Solamente el capitán hablaba un inglés intachable, difícilmente mejor pronunciado por un profesor de Oxford; pero fuera de él, la jerga hablada por los demás no podía compararse ni siquiera con el inglés chapurreado o con la jerga de los yanquis de Hell’s Kitchen, pues éstos resultaban elegantes. Algún recién llegado, aunque se tratase de un individuo de habla inglesa, habría tenido dificultades durante las dos primeras semanas para comprender y hacerse comprender en el Yorikke. Todos los marineros, de cualquier nacionalidad que sean, saben por lo menos cien palabras inglesas, pronunciadas generalmente en forma tal que no es sino media hora después cuando uno empieza a darse cuenta de lo que pretenden expresar. Sin embargo, el vocabulario difiere de un marino a otro y difícilmente se encuentran dos que pronuncien en igual forma la misma palabra. Viviendo y trabajando juntos, los marinos van cogiendo las palabras de sus compañeros, y ocurre que al cabo de dos meses todos los hombres que van a bordo conocen cerca de trescientas palabras comunes a toda la tripulación y comprendidas por todos. A ésas deben agregarse todas las voces de mando, las que sin excepción son dadas en inglés, pero en una jerga en la que se mezclan acentos irlandeses y escoceses, y en que se nota que las «erres» y las «ches» suelen estar siempre fuera de su lugar. La jerigonza es enriquecida por palabras que algunos marinos, debido a su falta del vocablo adecuado, usan ocasionalmente, empleando el correspondiente en su lengua materna. Esas palabras empleadas una y otra vez, son al cabo de algún tiempo usadas por otros. Tomando en consideración que usualmente por lo menos uno de los fogoneros era español, se había establecido la regla de usar siempre las palabras castellanas agua y carbón, y hasta los maquinistas las usaban en vez de water y coal.
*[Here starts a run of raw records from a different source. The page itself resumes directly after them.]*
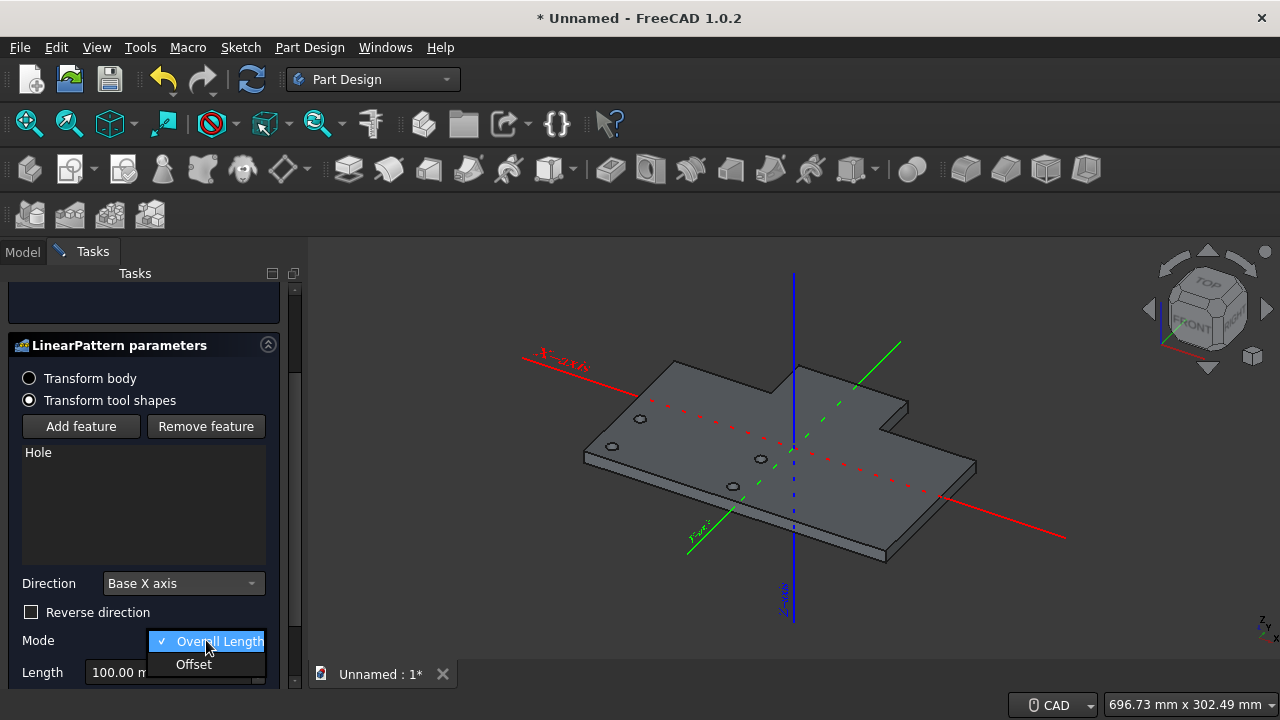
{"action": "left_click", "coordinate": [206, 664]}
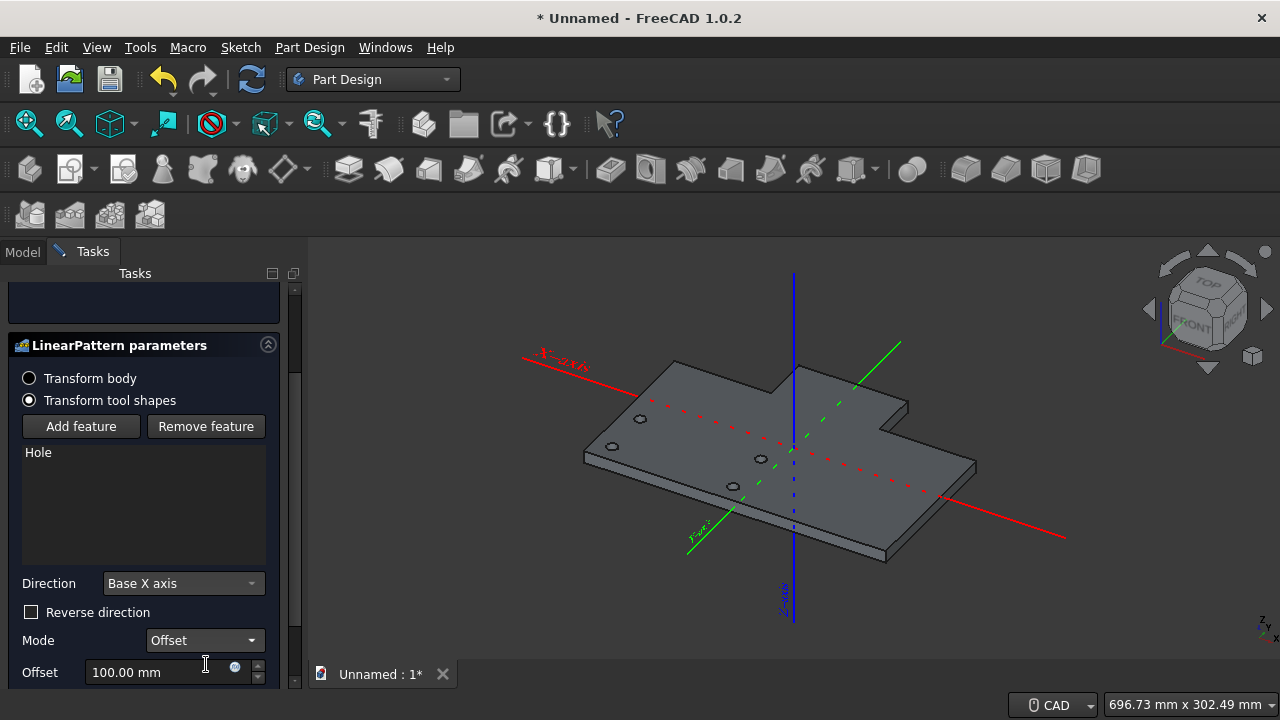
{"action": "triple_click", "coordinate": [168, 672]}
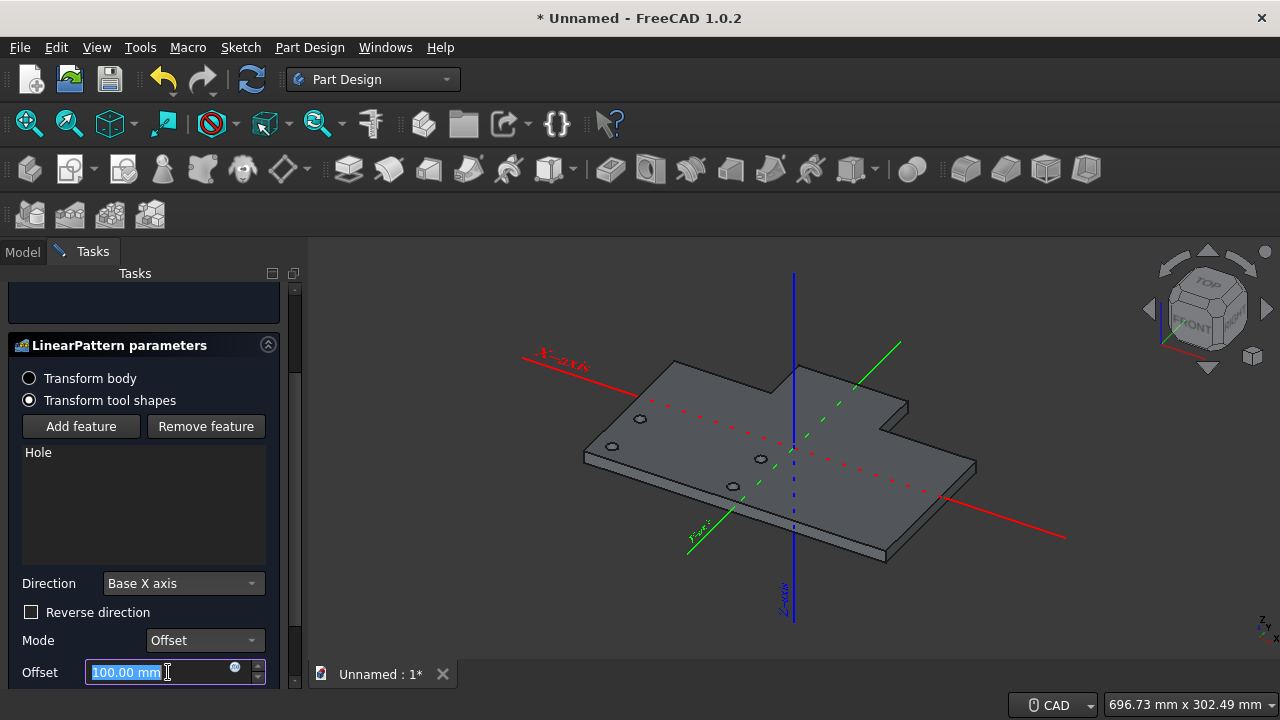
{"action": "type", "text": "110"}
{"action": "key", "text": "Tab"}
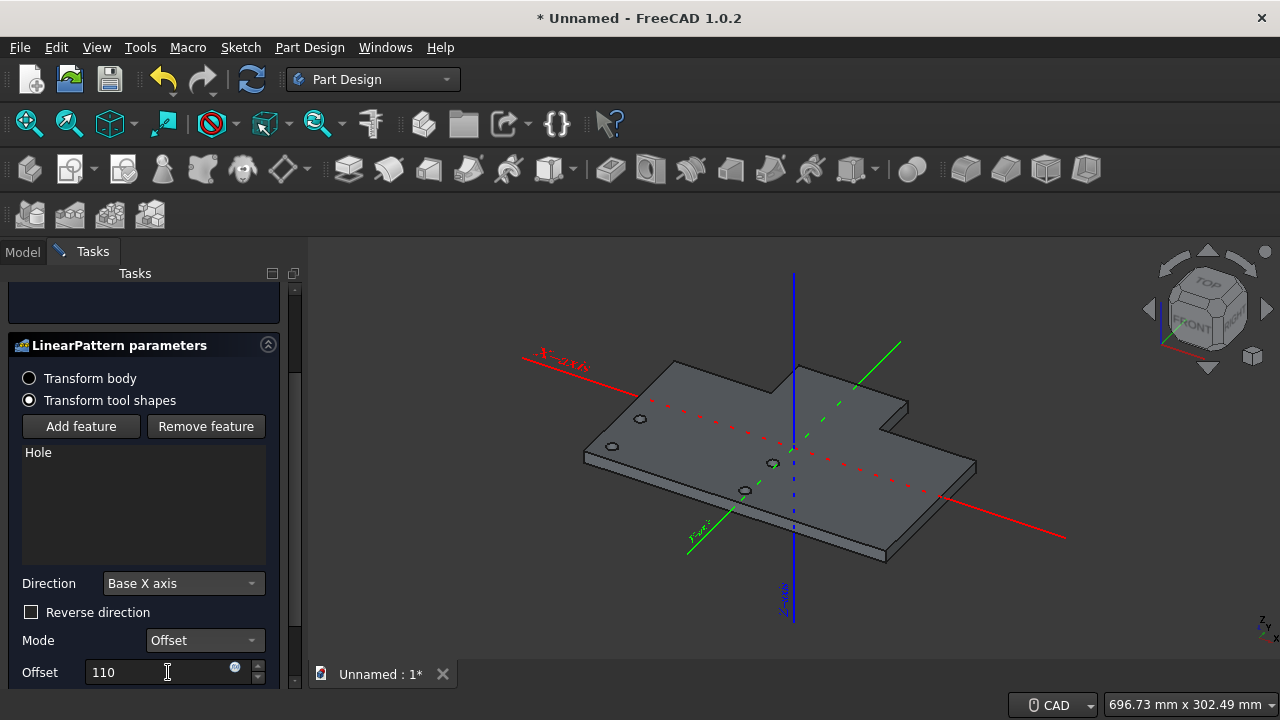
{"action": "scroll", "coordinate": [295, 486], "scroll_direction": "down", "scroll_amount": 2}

Teníamos posibilidad de conversar sobre cualquier tópico con los demás. Nuestras conversaciones demandaban solamente el empleo de trescientas cincuenta palabras, más o menos. Y cuando nuestra historia nacía en el corazón, crecía en el alma y se agrandaba en nuestras propias experiencias dulces o amargas, ese reducido número de palabras bastaba para no dejar nada sin explicación, para comprenderlo todo. Todas ellas podían haber sido impresas, ahora que hay que agregar que ninguna librería habría vendido dos ejemplares de ellas y que, de intentarlo, los libreros, editores e impresores se hundirían en una penitenciaría por treinta años.

No obstante la distancia que había entre el inglés yorikkiano y el académico, las radicales permanecían siendo voces inglesas, y siempre que se enrolaba algún marino cuya lengua materna fuera el inglés, la jerga yorikkiana volvía a purificarse y a enriquecerse con nuevas palabras y con la mejor pronunciación de otras que en atención a su uso indebido habían perdido sus conexiones familiares.

Un marinero nunca se ve en aprietos cuando de idiomas se trata. Siempre le es posible hacerse comprender medianamente, sin importar en qué puerto lo boten. Sin duda alguna encontrará la forma de obtener una respuesta a la vieja pregunta: «¿Cuándo comemos?» Además de que cualquier superviviente del Yorikke, jamás podría asustarse de nada. Para él nada de lo que es posible alcanzar a un hombre valeroso le estaría vedado.